*Data for this exercise*:
• • • •

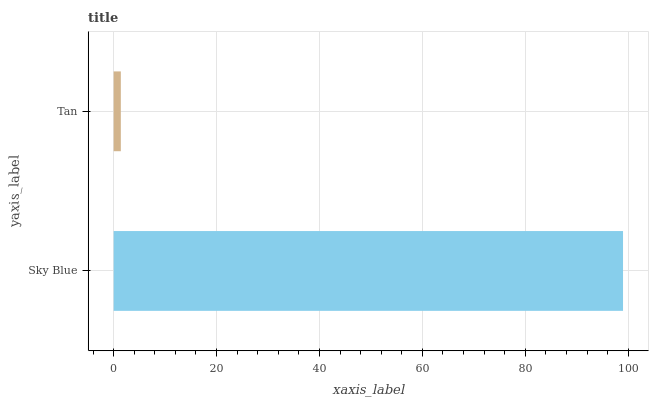Is Tan the minimum?
Answer yes or no. Yes. Is Sky Blue the maximum?
Answer yes or no. Yes. Is Tan the maximum?
Answer yes or no. No. Is Sky Blue greater than Tan?
Answer yes or no. Yes. Is Tan less than Sky Blue?
Answer yes or no. Yes. Is Tan greater than Sky Blue?
Answer yes or no. No. Is Sky Blue less than Tan?
Answer yes or no. No. Is Sky Blue the high median?
Answer yes or no. Yes. Is Tan the low median?
Answer yes or no. Yes. Is Tan the high median?
Answer yes or no. No. Is Sky Blue the low median?
Answer yes or no. No. 
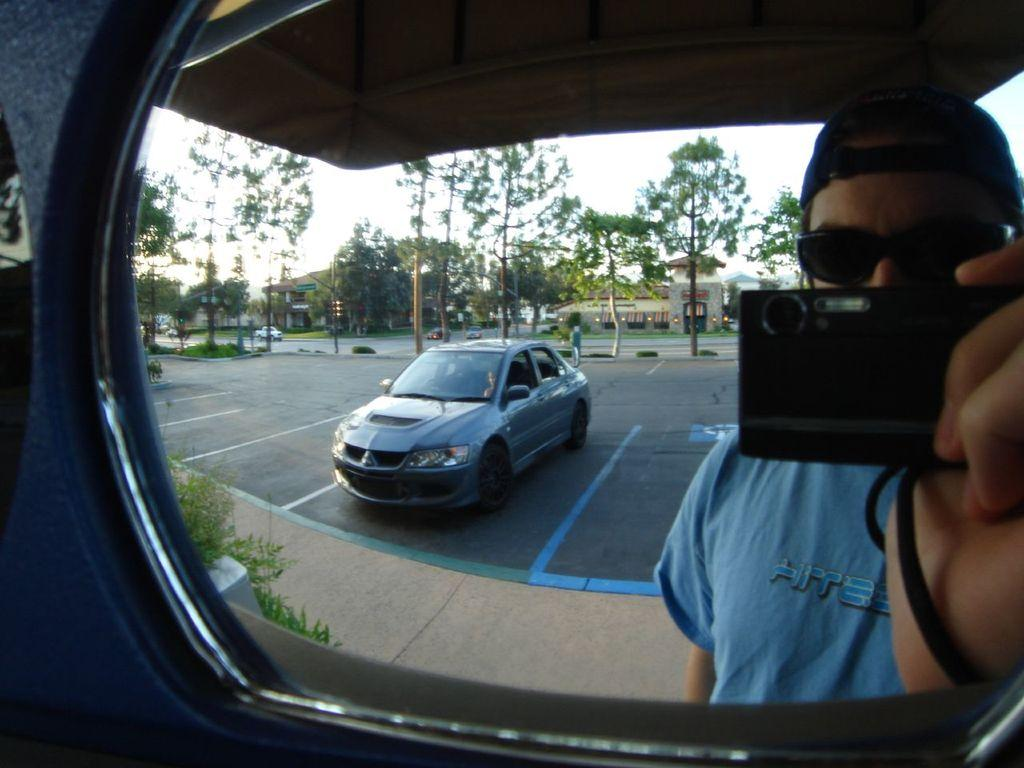What object is in the image that can be used for reflection? There is a mirror in the image. Who is visible in the right corner of the image? A person holding a camera is visible in the right corner of the image. What can be seen in the background of the image? There are vehicles, trees, and buildings in the background of the image. What arithmetic problem is being solved on the mirror in the image? There is no arithmetic problem visible on the mirror in the image. Can you see a friend of the person holding the camera in the image? There is no friend of the person holding the camera visible in the image.

• • • •

*Work item*: Each entry should be set down exactly, pictures excluded.

*Answer section*:
Is Tan the minimum?
Answer yes or no. Yes. Is Sky Blue the maximum?
Answer yes or no. Yes. Is Tan the maximum?
Answer yes or no. No. Is Sky Blue greater than Tan?
Answer yes or no. Yes. Is Tan less than Sky Blue?
Answer yes or no. Yes. Is Tan greater than Sky Blue?
Answer yes or no. No. Is Sky Blue less than Tan?
Answer yes or no. No. Is Sky Blue the high median?
Answer yes or no. Yes. Is Tan the low median?
Answer yes or no. Yes. Is Tan the high median?
Answer yes or no. No. Is Sky Blue the low median?
Answer yes or no. No. 
What object is in the image that can be used for reflection? There is a mirror in the image. Who is visible in the right corner of the image? A person holding a camera is visible in the right corner of the image. What can be seen in the background of the image? There are vehicles, trees, and buildings in the background of the image. What arithmetic problem is being solved on the mirror in the image? There is no arithmetic problem visible on the mirror in the image. Can you see a friend of the person holding the camera in the image? There is no friend of the person holding the camera visible in the image.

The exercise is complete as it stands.